Copy the entries without a single change. Pictures should be dropped.
=== Section Start ===
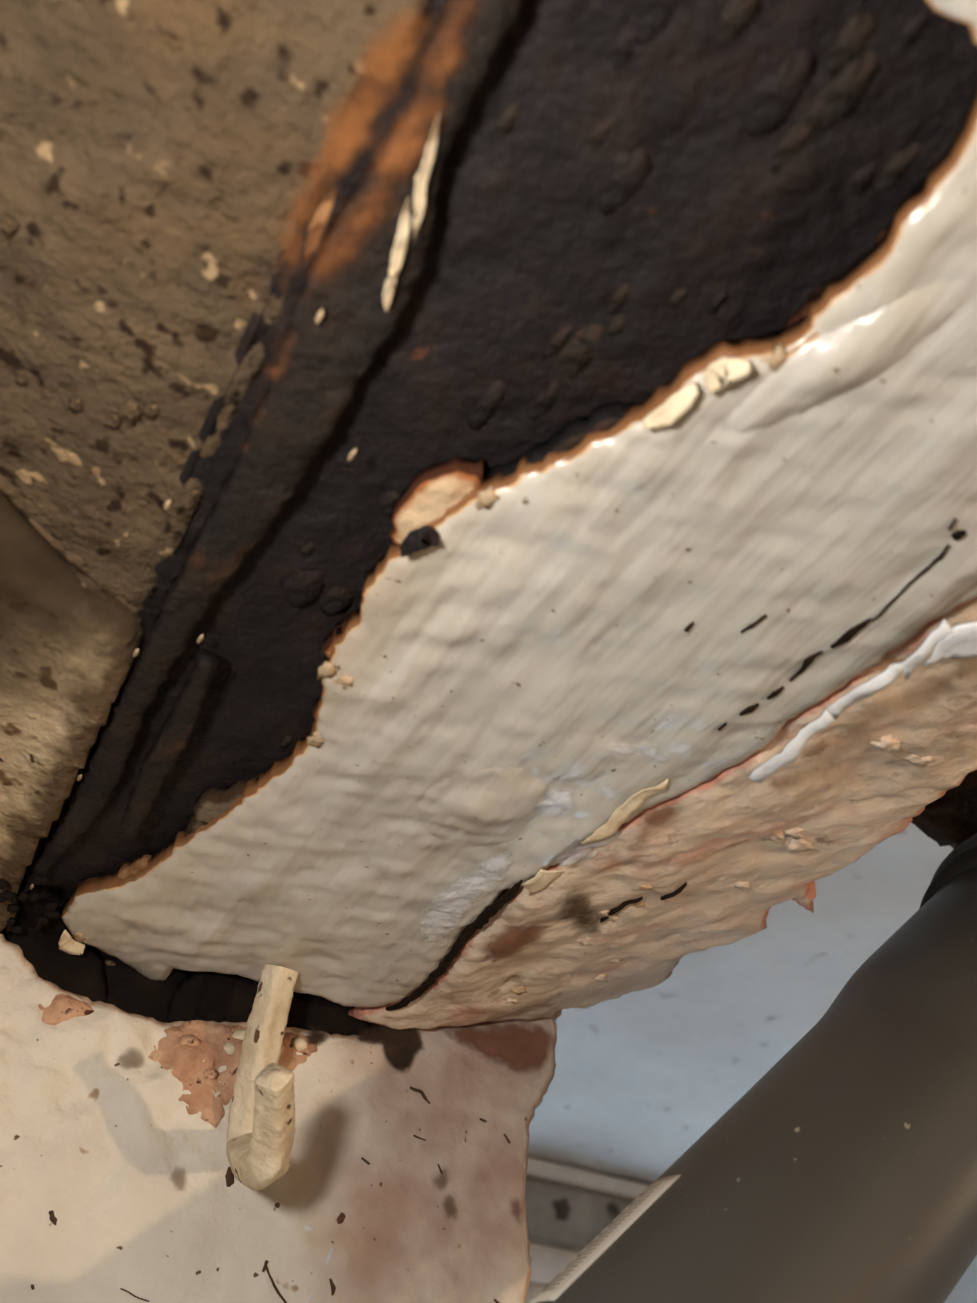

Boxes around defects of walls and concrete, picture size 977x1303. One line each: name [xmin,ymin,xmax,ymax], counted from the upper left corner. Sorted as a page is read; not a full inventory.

corrosion [319,19,413,174]
corrosion [317,101,438,273]
peeling [383,113,440,313]
spalling [0,0,430,614]
peeling [642,357,751,430]
peeling [400,525,440,558]
crack [718,518,966,731]
spalling [348,597,977,1030]
spalling [38,994,94,1025]
peeling [58,929,85,955]
spalling [148,1020,247,1128]
spalling [278,1032,317,1070]
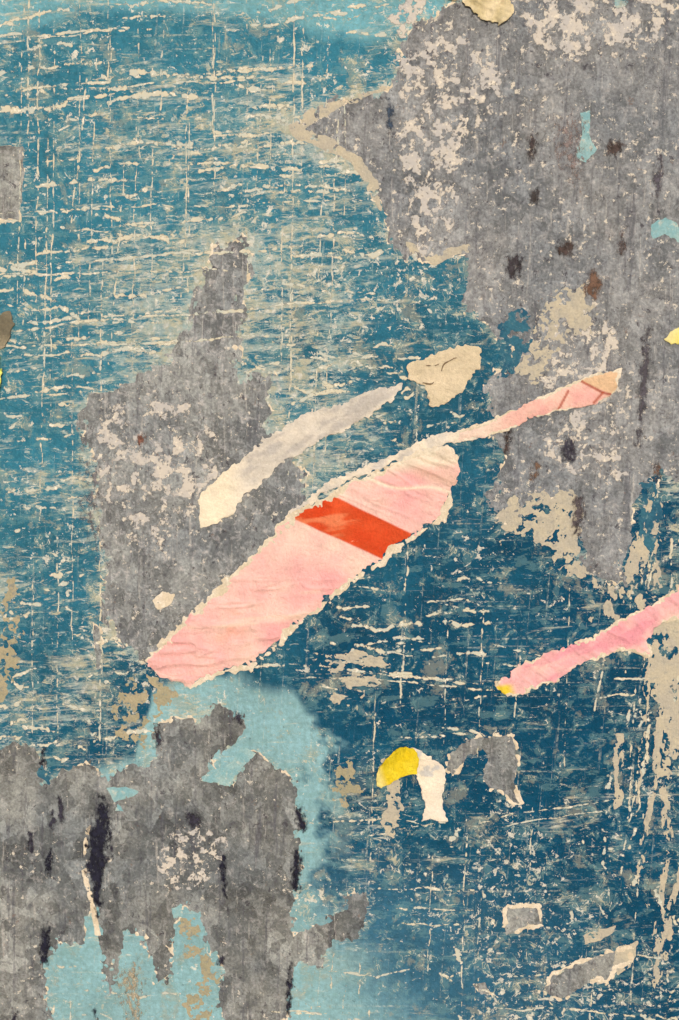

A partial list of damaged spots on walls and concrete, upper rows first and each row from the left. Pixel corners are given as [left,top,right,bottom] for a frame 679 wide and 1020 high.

peeling [0,145,25,222]
peeling [294,0,679,623]
peeling [69,232,310,670]
peeling [0,577,25,639]
peeling [322,670,380,707]
peeling [445,732,524,807]
peeling [0,674,369,1020]
peeling [502,903,543,935]
peeling [538,945,634,1001]
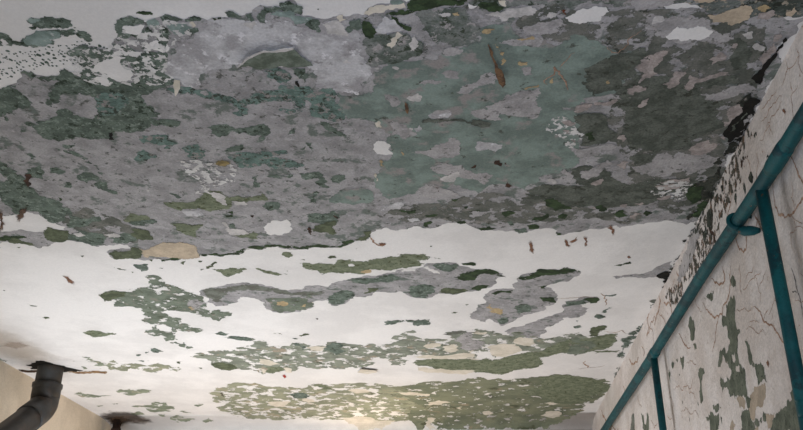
=== Section End ===
#### [Answer to the exercise]
Boxes around defects of walls and concrete, picture size 977x1303. One line each: name [xmin,ymin,xmax,ymax], counted from the upper left corner. Sorted as a page is read; not a full inventory.

corrosion [319,19,413,174]
corrosion [317,101,438,273]
peeling [383,113,440,313]
spalling [0,0,430,614]
peeling [642,357,751,430]
peeling [400,525,440,558]
crack [718,518,966,731]
spalling [348,597,977,1030]
spalling [38,994,94,1025]
peeling [58,929,85,955]
spalling [148,1020,247,1128]
spalling [278,1032,317,1070]

A partial list of damaged spots on walls and concrete, upper rows first and each row from the left. Pixel corners are given as [left,top,right,bottom] for a frame 679 wide and 1020 high.

peeling [0,145,25,222]
peeling [294,0,679,623]
peeling [69,232,310,670]
peeling [0,577,25,639]
peeling [322,670,380,707]
peeling [445,732,524,807]
peeling [0,674,369,1020]
peeling [502,903,543,935]
peeling [538,945,634,1001]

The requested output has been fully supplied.